Theorem: There exists a complete orthonormal basis $(\phi_n)_{n \in \mathbb{N}}$ of $\mathbf{L}^2_\mu (\mathbb{M},\mathbb{R})$, consisting of eigenfunctions of $-L$, with $\phi_n$ having an eigenvalue $\lambda_n$ with finite multiplicity satisfying $0=\lambda_0 < \lambda_1\le \lambda_2 \le \cdots \nearrow +\infty.$ Moreover, for $t > 0$, $x,y \in \mathbb{M}$, $p(t,x,y)=\sum_{n=0}^{+\infty} e^{-\lambda_n t} \phi_n (x) \phi_n (y),$ with convergence absolute and uniform for each $t > 0$.

Proof: Let $t > 0$. From the Hilbert-Schmidt theorem for the non negative self adjoint compact operator $\mathbf{P}_t$, there exists a complete orthonormal basis $(\phi_n(t) )_{n \in \mathbb{N}}$ of $\mathbf{L}^2_\mu (\mathbb{M},\mathbb{R})$ and a non increasing sequence $\alpha_n(t) \ge 0$, $\alpha_n(t) \searrow 0$ such that $\mathbf{P}_t \phi_n(t)=\alpha_n(t) \phi_n (t).$ The semigroup property $\mathbf{P}_{t+s}=\mathbf{P}_t \mathbf{P}_s$ implies first that for $k \in \mathbb{N}$, $k \ge 1$, $\phi_n(k)=\phi_n(1), \alpha_n(k)=\alpha_n (1)^k.$ The same result is then seen to hold for $k \in \mathbb{Q}$, $k > 0$ and finally for $k \in \mathbb{R}$, due to the strong continuity of the semigroup.

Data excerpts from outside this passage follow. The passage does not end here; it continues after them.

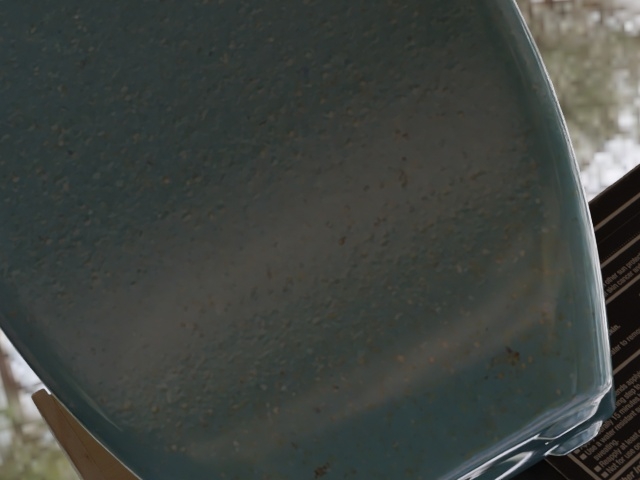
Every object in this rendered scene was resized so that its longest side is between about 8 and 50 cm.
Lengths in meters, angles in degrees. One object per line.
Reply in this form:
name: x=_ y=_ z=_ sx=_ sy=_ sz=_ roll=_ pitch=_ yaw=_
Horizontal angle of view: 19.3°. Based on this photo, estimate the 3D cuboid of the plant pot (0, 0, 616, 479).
plant pot: x=0.000 y=0.000 z=0.791 sx=0.247 sy=0.252 sz=0.248 roll=-32 pitch=167 yaw=3

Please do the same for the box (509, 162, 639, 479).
box: x=0.265 y=0.126 z=1.361 sx=0.296 sy=0.183 sz=0.294 roll=-35 pitch=-122 yaw=-23

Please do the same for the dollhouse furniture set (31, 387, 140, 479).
dollhouse furniture set: x=-0.020 y=0.212 z=1.301 sx=0.198 sy=0.303 sz=0.286 roll=-32 pitch=-129 yaw=-11
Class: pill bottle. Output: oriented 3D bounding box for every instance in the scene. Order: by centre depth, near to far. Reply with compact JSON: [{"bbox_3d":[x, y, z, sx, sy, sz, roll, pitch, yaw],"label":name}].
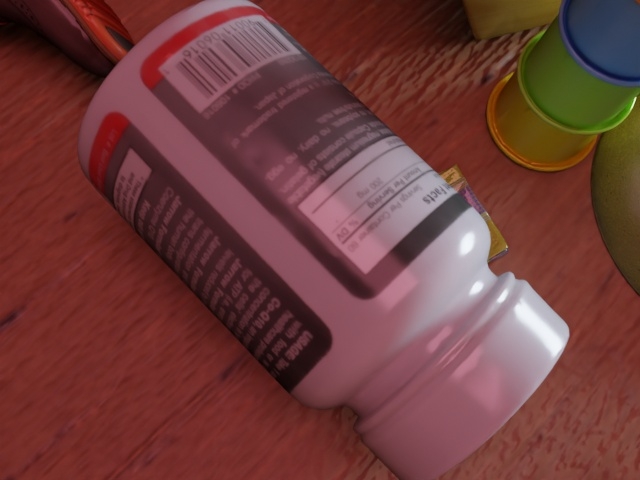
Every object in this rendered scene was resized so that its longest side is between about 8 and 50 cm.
[{"bbox_3d":[0.000,0.000,0.414,0.161,0.161,0.283,-42,81,-15],"label":"pill bottle"}]

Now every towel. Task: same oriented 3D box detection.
[{"bbox_3d":[0.102,-0.013,0.505,0.060,0.009,0.083,-26,77,-11],"label":"towel"}]

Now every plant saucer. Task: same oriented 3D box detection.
[{"bbox_3d":[0.338,-0.035,0.517,0.240,0.037,0.241,1,74,-4],"label":"plant saucer"}]

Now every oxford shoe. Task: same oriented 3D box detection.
[{"bbox_3d":[-0.252,-0.194,0.501,0.271,0.097,0.098,39,94,12],"label":"oxford shoe"}]

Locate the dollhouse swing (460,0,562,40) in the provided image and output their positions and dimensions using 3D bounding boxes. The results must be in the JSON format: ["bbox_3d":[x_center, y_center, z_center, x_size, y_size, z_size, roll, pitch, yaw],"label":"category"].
[{"bbox_3d":[0.170,-0.374,0.436,0.315,0.305,0.347,-15,83,-4],"label":"dollhouse swing"}]

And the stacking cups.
[{"bbox_3d":[0.189,-0.141,0.392,0.095,0.316,0.096,1,75,-3],"label":"stacking cups"}]
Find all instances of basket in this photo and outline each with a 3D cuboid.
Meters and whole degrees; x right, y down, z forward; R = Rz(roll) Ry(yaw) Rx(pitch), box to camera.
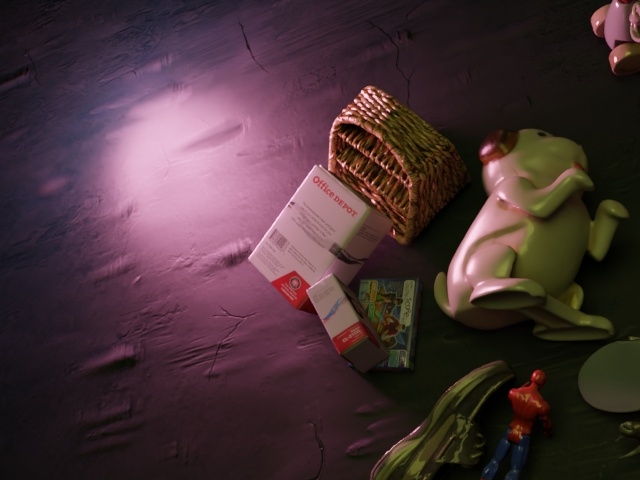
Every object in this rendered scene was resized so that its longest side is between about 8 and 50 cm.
[{"bbox_3d":[0.142,-0.174,1.973,0.223,0.213,0.299,-45,55,-2],"label":"basket"}]

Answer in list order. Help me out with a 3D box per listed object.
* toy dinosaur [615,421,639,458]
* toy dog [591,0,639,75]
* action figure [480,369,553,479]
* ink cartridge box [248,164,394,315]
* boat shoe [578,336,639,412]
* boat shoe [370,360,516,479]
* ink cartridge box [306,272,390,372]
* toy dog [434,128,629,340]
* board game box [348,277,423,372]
[{"bbox_3d":[0.669,0.355,1.493,0.313,0.160,0.121,31,43,33],"label":"toy dinosaur"},{"bbox_3d":[0.679,-0.484,1.841,0.161,0.334,0.220,-13,84,1],"label":"toy dog"},{"bbox_3d":[0.375,0.371,1.669,0.091,0.139,0.280,22,99,30],"label":"action figure"},{"bbox_3d":[0.000,0.000,1.980,0.197,0.114,0.273,43,103,35],"label":"ink cartridge box"},{"bbox_3d":[0.644,0.215,1.585,0.367,0.156,0.136,-36,55,41],"label":"boat shoe"},{"bbox_3d":[0.256,0.382,1.702,0.355,0.132,0.130,-47,64,8],"label":"boat shoe"},{"bbox_3d":[0.056,0.170,1.848,0.072,0.127,0.175,-35,55,8],"label":"ink cartridge box"},{"bbox_3d":[0.415,-0.025,1.764,0.395,0.284,0.408,-22,50,60],"label":"toy dog"},{"bbox_3d":[0.140,0.179,1.903,0.136,0.035,0.201,-2,65,26],"label":"board game box"}]
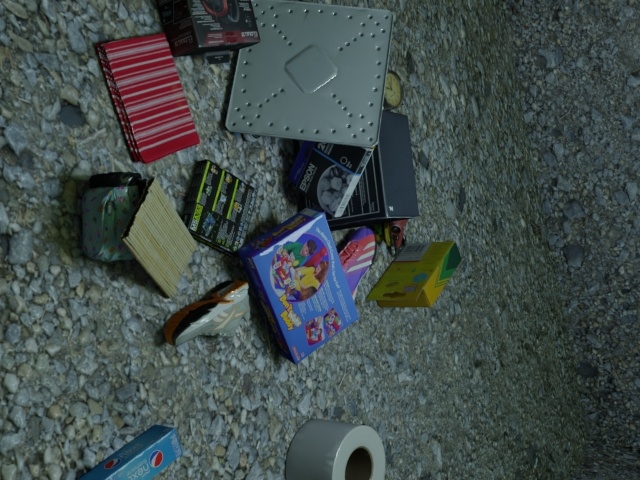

Since the map $t \to \| P_t \|_2$ is decreasing, we deduce that $\alpha_n (1) \le 1$. Thus, there is a $\lambda_n \ge 0$ such that $\alpha_n(1)=e^{-\lambda_n}$. As a conclusion, there exists a complete orthonormal basis $(\phi_n)_{n \in \mathbb{N}}$ of $\mathbf{L}^2_\mu (\mathbb{M},\mathbb{R})$, and a sequence $\lambda_n$ satisfying $0 \le \lambda_0 \le \lambda_1\le \lambda_2 \le \cdots \nearrow +\infty$ such that $\mathbf{P}_t \phi_n =e^{-\lambda_n t} \phi_n.$ Since $\mathbf{P}_t 1=1$, we actually have $\lambda_0=0$. Also, if $f \in \mathbf{L}^2_\mu (\mathbb{M},\mathbb{R})$ is such that $\mathbf{P}_t f=f$, it is straightforward that $f \in \mathcal{D}(L)$ and that $Lf=0$, so that thanks to Liouville theorem, $f$ is a constant function. Therefore $\lambda_1 > 0$.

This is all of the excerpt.